**PROBLEM**
Would you return the lines between the one holding "1) Consider section" and the one holding "2) Consider section", inclusive, and only those, exactly as they stand in the listing below?

**INFORMATION SUPPLIED**

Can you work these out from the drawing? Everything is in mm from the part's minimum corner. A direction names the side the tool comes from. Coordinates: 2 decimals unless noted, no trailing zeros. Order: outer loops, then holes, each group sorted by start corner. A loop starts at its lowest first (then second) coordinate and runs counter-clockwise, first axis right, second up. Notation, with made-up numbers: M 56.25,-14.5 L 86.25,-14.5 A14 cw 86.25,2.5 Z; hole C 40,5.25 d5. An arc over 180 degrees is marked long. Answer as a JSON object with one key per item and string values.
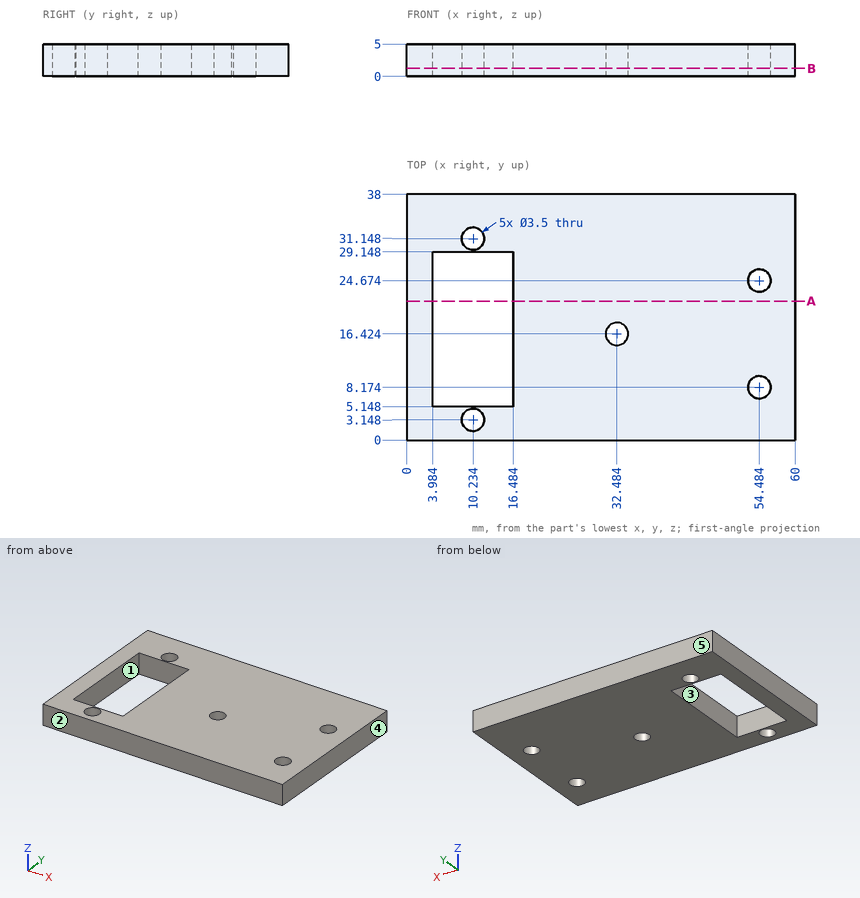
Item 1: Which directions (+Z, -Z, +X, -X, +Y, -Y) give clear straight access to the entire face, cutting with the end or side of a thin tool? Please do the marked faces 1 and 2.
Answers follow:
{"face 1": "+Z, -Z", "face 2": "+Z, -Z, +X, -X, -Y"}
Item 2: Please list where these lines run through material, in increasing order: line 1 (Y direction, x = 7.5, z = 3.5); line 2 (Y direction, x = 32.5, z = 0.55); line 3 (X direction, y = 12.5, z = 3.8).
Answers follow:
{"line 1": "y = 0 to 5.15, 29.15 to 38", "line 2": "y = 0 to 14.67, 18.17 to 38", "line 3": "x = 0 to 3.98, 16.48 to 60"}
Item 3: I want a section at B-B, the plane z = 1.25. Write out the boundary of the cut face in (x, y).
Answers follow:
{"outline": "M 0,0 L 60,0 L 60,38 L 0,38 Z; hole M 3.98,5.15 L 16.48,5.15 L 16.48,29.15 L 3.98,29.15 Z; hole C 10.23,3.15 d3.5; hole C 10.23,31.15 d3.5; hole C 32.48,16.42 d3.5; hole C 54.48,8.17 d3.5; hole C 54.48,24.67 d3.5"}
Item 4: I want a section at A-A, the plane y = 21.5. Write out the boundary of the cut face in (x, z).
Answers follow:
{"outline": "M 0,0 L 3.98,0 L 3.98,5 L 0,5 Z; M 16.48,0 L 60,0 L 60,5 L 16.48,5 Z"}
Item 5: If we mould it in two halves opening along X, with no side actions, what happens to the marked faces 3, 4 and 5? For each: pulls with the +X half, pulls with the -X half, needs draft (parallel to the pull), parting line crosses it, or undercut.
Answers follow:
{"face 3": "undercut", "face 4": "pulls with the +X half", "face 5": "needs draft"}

---

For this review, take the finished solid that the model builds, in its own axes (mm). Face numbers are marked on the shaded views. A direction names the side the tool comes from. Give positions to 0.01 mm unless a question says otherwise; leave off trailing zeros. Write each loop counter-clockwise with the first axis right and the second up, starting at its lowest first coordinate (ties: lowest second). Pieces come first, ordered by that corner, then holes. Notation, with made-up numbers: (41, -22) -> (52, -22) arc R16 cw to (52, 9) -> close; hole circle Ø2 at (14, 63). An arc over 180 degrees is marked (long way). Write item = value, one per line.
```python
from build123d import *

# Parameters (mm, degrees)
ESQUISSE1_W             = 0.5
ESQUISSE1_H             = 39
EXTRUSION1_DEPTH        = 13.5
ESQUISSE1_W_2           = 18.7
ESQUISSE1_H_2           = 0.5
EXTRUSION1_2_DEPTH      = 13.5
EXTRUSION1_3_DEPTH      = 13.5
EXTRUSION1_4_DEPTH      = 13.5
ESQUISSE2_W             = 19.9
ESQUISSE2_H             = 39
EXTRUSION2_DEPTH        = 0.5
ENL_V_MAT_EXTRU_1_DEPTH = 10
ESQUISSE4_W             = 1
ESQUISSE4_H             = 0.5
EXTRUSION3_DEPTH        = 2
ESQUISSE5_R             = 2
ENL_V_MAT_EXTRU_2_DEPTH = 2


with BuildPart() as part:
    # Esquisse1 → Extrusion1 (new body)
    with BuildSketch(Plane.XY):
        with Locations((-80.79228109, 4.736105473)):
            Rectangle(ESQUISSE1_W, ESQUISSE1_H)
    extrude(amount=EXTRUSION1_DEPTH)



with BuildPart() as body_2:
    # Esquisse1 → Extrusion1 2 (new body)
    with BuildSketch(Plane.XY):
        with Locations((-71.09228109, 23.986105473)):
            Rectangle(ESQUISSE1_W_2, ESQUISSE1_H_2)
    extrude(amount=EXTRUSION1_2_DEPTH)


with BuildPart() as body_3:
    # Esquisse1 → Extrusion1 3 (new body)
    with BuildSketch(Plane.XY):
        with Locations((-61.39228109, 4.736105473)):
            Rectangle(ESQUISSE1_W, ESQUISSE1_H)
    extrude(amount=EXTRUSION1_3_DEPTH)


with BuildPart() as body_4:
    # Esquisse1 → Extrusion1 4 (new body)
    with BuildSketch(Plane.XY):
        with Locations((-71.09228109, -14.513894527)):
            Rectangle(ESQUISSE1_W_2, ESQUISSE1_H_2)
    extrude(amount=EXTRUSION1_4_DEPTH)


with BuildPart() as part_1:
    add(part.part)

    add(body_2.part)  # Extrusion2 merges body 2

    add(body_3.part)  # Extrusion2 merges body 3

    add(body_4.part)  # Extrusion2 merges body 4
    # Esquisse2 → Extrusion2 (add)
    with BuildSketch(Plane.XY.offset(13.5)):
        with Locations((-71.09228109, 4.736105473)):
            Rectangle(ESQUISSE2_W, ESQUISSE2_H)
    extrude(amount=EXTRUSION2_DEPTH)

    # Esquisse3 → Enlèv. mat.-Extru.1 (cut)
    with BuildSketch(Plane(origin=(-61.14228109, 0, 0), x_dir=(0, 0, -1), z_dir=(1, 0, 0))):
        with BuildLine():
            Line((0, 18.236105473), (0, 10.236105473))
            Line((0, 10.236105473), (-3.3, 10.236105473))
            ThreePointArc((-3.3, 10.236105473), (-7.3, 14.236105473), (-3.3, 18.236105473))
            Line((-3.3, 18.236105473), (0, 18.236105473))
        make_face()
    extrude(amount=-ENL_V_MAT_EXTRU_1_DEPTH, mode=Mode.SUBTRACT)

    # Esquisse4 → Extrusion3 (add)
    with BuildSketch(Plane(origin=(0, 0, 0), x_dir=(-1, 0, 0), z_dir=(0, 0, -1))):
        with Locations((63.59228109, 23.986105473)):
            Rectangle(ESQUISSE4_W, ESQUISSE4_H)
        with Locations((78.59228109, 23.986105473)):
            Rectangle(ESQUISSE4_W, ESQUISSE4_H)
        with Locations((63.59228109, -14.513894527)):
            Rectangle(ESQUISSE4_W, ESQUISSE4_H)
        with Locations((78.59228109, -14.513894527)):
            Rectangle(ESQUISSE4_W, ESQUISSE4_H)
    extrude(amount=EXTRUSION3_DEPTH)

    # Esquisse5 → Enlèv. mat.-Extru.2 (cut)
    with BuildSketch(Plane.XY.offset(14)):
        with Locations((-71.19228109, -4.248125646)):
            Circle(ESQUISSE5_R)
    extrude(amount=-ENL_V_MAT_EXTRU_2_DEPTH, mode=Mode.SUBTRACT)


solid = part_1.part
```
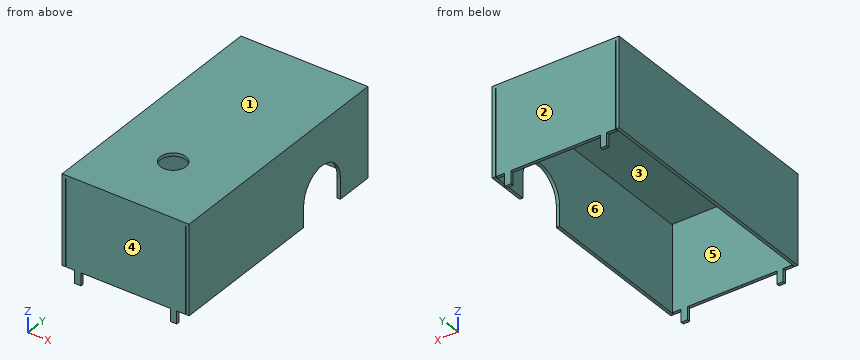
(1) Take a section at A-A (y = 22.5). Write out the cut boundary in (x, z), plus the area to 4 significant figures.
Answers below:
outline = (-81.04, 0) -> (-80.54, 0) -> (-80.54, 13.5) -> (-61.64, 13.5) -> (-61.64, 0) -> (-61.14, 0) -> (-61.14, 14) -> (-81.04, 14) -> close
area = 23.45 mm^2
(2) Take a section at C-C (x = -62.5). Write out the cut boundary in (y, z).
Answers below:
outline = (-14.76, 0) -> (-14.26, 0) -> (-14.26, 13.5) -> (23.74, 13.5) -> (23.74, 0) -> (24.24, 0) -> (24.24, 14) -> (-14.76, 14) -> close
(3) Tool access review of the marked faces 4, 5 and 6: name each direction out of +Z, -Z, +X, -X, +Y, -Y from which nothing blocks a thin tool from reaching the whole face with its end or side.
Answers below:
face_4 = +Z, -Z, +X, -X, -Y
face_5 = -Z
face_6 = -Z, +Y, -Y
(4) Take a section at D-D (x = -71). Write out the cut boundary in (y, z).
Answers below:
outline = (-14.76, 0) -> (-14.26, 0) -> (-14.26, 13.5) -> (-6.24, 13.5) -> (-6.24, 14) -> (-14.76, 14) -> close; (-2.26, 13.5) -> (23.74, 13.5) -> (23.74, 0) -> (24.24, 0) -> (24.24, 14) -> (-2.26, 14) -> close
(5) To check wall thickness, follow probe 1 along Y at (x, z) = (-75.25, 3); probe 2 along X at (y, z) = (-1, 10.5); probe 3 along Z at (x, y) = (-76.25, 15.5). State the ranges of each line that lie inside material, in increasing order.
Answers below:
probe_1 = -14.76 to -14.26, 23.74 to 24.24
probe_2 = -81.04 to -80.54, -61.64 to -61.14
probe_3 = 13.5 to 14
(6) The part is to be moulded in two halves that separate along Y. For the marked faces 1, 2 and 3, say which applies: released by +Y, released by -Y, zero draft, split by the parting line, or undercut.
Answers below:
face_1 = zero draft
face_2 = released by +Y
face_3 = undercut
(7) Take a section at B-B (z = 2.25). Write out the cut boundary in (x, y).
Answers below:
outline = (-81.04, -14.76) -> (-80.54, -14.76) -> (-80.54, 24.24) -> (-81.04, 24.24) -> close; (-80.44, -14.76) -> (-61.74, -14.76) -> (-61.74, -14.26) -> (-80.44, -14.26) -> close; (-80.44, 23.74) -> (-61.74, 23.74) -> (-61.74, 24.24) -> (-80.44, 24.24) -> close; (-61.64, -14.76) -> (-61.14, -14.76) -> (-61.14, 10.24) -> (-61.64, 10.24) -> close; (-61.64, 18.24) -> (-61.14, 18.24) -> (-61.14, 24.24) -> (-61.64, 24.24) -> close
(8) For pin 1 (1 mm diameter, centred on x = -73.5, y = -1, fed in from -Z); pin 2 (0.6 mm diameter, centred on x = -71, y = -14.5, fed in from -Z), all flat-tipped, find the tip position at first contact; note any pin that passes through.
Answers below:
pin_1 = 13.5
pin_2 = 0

...

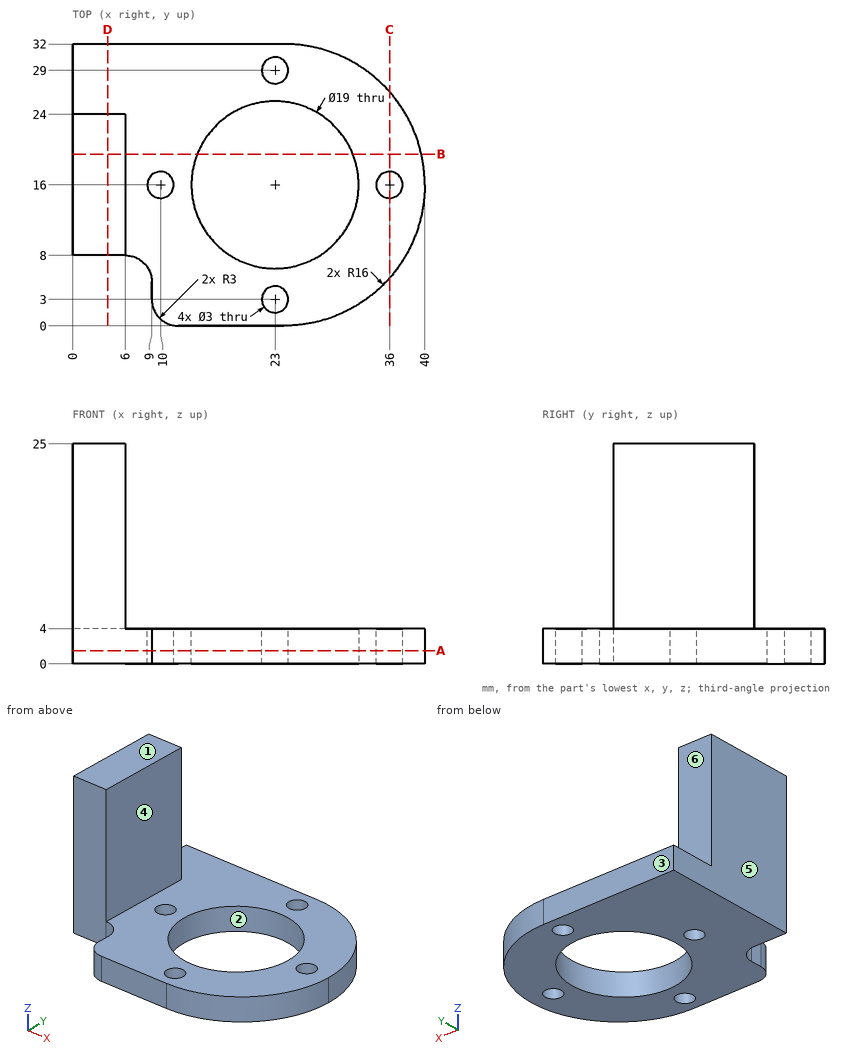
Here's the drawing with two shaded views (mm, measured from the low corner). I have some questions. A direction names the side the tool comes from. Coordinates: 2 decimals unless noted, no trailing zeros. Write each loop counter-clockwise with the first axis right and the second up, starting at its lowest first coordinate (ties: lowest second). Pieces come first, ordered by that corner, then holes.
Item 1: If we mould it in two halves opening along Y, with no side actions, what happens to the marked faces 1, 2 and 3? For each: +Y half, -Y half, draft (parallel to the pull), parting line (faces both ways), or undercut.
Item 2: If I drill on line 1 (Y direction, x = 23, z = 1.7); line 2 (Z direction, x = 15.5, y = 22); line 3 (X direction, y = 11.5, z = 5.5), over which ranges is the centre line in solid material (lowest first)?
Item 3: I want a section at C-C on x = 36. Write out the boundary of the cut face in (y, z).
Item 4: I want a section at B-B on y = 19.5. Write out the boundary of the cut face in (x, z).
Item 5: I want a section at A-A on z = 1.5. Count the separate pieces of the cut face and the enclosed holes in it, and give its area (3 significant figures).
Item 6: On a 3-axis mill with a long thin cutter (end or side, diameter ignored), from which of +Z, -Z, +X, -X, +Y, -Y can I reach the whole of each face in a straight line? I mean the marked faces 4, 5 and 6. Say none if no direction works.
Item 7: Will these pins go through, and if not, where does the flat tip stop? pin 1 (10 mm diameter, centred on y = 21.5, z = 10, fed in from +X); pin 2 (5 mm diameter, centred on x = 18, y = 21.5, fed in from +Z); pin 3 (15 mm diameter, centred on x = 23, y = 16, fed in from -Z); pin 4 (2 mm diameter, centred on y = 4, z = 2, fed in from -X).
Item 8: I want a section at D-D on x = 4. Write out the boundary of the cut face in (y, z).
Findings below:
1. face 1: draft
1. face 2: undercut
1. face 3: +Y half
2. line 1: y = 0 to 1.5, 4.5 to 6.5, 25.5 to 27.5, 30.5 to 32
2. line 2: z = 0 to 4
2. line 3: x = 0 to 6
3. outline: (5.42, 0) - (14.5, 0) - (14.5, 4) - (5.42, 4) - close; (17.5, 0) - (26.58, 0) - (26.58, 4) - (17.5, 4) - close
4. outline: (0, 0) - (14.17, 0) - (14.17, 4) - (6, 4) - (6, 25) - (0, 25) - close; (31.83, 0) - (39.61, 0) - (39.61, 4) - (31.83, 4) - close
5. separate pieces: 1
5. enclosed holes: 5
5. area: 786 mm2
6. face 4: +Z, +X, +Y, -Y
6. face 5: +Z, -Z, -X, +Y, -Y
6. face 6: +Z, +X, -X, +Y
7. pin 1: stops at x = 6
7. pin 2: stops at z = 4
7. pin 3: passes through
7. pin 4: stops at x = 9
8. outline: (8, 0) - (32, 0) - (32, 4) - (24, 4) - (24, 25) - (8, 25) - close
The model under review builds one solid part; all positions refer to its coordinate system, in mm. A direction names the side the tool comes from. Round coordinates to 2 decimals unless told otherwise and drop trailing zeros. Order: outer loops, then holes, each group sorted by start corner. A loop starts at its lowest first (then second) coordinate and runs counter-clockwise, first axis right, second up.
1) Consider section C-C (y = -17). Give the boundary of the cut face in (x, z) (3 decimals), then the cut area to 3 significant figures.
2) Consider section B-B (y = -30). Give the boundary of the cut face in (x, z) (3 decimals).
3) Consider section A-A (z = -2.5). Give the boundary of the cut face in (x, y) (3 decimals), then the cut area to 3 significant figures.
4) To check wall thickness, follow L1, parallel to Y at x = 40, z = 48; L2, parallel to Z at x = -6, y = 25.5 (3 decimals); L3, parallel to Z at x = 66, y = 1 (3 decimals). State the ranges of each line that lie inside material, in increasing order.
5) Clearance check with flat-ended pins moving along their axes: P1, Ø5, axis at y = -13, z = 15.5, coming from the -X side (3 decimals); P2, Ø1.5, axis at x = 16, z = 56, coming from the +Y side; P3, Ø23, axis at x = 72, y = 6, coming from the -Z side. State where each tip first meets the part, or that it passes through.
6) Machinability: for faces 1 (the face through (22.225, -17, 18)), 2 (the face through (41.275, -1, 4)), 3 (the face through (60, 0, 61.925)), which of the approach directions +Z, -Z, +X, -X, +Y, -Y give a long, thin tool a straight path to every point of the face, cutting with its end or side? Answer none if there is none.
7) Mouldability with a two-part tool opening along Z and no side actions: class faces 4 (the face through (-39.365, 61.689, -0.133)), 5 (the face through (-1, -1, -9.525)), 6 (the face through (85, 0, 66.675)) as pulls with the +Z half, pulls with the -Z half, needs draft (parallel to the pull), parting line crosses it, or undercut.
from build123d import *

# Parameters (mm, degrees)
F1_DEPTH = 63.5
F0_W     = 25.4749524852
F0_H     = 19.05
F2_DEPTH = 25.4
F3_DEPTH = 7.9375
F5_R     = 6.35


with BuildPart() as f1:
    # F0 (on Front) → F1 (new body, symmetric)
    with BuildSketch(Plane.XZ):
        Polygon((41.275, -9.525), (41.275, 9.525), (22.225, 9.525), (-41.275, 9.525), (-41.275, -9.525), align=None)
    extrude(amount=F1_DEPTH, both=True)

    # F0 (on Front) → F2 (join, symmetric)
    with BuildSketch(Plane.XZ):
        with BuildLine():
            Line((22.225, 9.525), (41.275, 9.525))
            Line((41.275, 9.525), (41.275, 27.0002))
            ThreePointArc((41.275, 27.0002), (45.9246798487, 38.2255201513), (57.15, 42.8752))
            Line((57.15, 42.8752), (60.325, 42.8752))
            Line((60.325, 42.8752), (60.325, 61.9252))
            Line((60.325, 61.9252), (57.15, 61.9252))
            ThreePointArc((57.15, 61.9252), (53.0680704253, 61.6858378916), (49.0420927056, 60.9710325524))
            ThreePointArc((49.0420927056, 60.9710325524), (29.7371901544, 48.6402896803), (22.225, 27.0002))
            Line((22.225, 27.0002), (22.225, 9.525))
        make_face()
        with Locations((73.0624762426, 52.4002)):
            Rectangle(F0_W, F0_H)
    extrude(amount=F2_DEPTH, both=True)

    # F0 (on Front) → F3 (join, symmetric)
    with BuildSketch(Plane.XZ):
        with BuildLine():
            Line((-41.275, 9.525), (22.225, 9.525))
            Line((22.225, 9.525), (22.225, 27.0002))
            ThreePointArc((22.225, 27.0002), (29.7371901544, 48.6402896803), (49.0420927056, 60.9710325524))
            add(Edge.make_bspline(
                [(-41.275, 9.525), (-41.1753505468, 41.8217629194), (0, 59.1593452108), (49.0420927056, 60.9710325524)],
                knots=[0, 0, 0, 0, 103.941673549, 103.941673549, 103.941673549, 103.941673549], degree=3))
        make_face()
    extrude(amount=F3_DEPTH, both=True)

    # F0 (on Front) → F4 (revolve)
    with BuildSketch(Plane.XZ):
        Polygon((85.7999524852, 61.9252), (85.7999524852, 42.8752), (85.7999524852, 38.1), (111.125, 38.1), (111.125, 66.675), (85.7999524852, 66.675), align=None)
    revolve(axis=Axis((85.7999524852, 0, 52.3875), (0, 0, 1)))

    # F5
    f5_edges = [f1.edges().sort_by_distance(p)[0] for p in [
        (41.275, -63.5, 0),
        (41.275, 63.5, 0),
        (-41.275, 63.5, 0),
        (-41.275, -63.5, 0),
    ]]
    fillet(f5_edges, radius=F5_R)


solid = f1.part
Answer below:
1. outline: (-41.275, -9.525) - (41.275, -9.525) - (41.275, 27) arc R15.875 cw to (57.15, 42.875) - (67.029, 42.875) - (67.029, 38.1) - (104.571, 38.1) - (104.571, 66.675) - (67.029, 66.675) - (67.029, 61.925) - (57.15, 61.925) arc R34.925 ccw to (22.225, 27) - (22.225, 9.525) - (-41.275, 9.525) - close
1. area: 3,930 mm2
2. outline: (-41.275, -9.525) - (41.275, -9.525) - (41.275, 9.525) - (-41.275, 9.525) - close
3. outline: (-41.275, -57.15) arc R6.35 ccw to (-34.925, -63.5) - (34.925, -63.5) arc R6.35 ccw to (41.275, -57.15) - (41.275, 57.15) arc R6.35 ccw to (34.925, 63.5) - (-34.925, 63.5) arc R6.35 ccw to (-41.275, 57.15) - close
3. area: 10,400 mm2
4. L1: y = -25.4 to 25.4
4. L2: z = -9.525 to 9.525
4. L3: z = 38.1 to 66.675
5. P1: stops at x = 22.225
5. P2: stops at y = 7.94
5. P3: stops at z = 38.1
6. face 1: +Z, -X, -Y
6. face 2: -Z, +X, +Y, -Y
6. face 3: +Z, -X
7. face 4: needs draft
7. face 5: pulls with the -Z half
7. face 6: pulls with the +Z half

**EXPECTED OUTPUT**
1) Consider section C-C (y = -17). Give the boundary of the cut face in (x, z) (3 decimals), then the cut area to 3 significant figures.
2) Consider section B-B (y = -30). Give the boundary of the cut face in (x, z) (3 decimals).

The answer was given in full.